The Curse of Creativity
The Curse of Creativity
It’s 2026 and we are living in a world where thinking is no longer a bottleneck.
Execution isn’t either.
You can wake up to a new idea, open up your laptop and within a few hours - you can build a prototype, generate content and even market it.
This used to take weeks and now it takes hours. On surface it feels like progress.
Earlier ideas were expensive and now they are cheap, almost free.
Here’s the real problem:
We no longer struggle to execute the ideas, we struggle to commit to the ones we decide to move forward with.
What Changed
Earlier when we had an idea, we had no choice but to sit with it and work on it with focus because you had to think on it, you had to struggle.
And that friction made us stick to it.
But now?
The moment something feels hard, we switch. We search for another idea, another tool. We just scatter around.
My Own Struggle
Last month, I had this idea for a SaaS product. Spent a day building it with AI tools. Got the MVP ready.
Then I saw someone on Twitter talking about their AI wrapper making $10K MRR.
Boom. New idea.
Abandoned the SaaS. Started building the wrapper. Got 60% done.
Then another idea hit. And another. And another.
Now I have five half-finished projects and zero shipped products.
If you ask me why this matters,
It’s because depth is what creates results. Ideas and execution alone won’t give you the results you wanted to see. Being focused and sustained on one problem does.
As Steve Jobs said:
Focus is about saying NO
But today saying NO is harder than ever because AI keeps giving you a lot more YES.
It shows you more possibilities, more opportunities and more what ifs.
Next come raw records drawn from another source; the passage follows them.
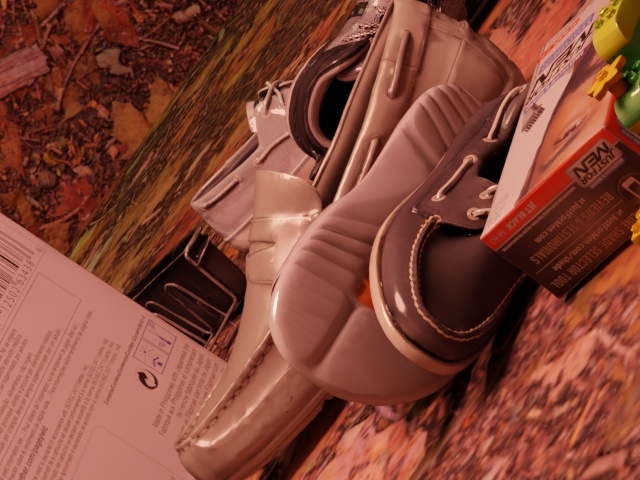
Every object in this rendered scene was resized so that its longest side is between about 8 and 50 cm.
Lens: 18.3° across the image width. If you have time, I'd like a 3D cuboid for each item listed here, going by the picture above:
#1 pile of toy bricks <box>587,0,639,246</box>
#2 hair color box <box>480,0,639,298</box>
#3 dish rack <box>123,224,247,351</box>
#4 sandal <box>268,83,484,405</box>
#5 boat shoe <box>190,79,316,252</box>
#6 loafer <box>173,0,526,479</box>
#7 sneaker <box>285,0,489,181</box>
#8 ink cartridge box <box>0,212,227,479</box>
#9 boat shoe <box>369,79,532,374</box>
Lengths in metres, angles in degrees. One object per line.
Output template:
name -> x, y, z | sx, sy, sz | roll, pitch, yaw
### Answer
pile of toy bricks -> 0.148, -0.071, 0.789 | 0.118, 0.105, 0.212 | -43, 15, 45
hair color box -> 0.137, -0.061, 0.948 | 0.093, 0.053, 0.167 | -45, 16, 39
dish rack -> -0.161, 0.137, 1.572 | 0.208, 0.074, 0.271 | -42, 17, 52
sandal -> 0.040, 0.014, 1.048 | 0.076, 0.102, 0.265 | -48, 4, 39
boat shoe -> -0.030, -0.089, 1.669 | 0.227, 0.081, 0.079 | -50, 12, 24
loafer -> 0.000, 0.000, 1.189 | 0.319, 0.111, 0.112 | -57, 11, -12
sneaker -> 0.065, -0.156, 1.436 | 0.269, 0.101, 0.153 | -58, 10, 15
ink cartridge box -> -0.253, 0.096, 1.222 | 0.151, 0.395, 0.270 | -49, 12, 27
boat shoe -> 0.083, -0.016, 0.990 | 0.065, 0.075, 0.206 | -49, 7, 40
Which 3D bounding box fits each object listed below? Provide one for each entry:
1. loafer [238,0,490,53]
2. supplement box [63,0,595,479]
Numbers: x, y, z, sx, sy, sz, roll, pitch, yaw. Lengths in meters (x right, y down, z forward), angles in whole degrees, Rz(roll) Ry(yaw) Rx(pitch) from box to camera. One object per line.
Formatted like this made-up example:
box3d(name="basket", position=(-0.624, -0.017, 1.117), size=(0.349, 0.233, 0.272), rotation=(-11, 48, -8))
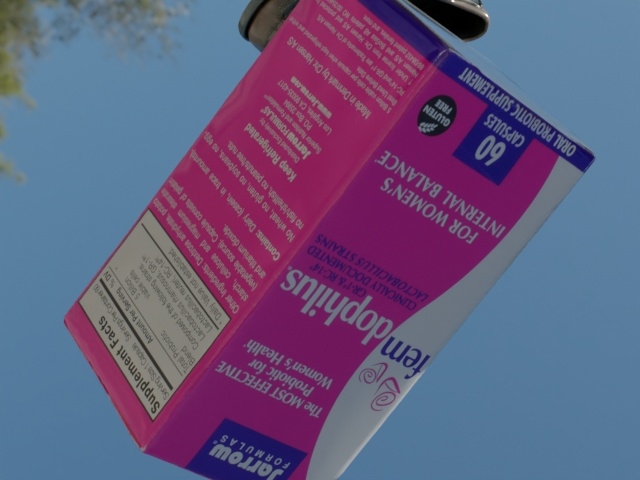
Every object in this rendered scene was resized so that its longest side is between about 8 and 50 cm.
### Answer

And this kills your ability to dive deep into the problem.
The Curse
This is what I call:
The Curse of Creativity
When the ability to create becomes so accessible that you don’t value what you create.
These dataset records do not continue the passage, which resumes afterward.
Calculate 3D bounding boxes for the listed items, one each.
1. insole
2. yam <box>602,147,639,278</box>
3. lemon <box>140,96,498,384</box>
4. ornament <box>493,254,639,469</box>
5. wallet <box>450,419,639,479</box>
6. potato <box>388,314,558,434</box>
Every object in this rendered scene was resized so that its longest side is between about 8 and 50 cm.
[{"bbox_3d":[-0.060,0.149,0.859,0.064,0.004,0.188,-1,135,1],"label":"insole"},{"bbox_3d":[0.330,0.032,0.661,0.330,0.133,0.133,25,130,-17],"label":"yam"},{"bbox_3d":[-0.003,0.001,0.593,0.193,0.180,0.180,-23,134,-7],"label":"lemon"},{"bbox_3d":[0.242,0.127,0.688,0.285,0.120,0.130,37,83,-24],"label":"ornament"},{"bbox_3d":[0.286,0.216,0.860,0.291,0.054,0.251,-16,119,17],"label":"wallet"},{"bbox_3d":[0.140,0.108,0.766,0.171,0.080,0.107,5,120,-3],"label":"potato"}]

And when you don’t value what you create, you don’t stick with it.
Earlier this was an ordered process:
Idea → Effort → Commitment → Result
Now it’s just:
Idea → Execute → New idea → Abandon → Repeat
The Fun Part
I asked AI to build me a todo app yesterday. It did it in 3 minutes.
Did I use it? No.
I asked it to build a better one with more features. Got it in 5 minutes.
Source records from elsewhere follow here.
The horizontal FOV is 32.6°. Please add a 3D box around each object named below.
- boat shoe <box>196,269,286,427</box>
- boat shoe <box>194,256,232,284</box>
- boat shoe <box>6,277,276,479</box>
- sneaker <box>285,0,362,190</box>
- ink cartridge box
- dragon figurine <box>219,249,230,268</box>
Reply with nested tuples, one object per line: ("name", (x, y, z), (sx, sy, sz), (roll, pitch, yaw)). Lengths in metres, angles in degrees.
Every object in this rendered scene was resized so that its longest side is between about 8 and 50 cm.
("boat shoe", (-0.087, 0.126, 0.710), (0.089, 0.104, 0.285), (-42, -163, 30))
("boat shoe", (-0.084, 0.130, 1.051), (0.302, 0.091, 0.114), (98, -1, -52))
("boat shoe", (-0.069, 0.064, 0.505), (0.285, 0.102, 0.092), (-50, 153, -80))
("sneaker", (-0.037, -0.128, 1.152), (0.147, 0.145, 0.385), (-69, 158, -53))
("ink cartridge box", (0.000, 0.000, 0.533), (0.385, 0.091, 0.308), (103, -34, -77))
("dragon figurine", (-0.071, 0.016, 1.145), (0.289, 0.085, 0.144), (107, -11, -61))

Did I use that either? Also no.
I’m now on version 4 of my “perfect” todo app, and I’m still using sticky notes on my desk.
That’s the curse in action.
Why This Matters
What makes this dangerous isn’t that ideas are easy or execution is fast. It’s that you’re constantly being pulled away from depth without even realising it.
Every new possibility feels rational. Every switch feels justified.
But nothing meaningful is built that way.
At some point, you have to accept that most of your ideas don’t deserve to be built - not because they’re bad, but because you can’t build all of them well.
The cost of saying yes to everything is that nothing gets the time it needs to become real.
The Real Skill
So the shift isn’t about finding better ideas or better tools. It’s about developing the ability to:
- Stay when it stops being exciting
- Continue when there’s no novelty left
- Keep working on something even when you’re no longer sure it will work
Because that phase - the boring, uncertain, repetitive - is where almost everyone leaves.
And that’s exactly why it’s the only place where results come from.
If creativity is now infinite, then discipline is the real constraint.
And the people who learn to operate within that constraint - who can ignore the noise, commit to one path, and see it through - are the ones who will actually get what they started for.
Not because they had better ideas.
But because they stayed.
The Ultimate Irony
We have more creative power than any generation before us.
And we’re probably shipping less meaningful work because of it.
The tool that gives us unlimited creation is the same tool that prevents us from creating anything that lasts.
That’s not progress. That’s the curse.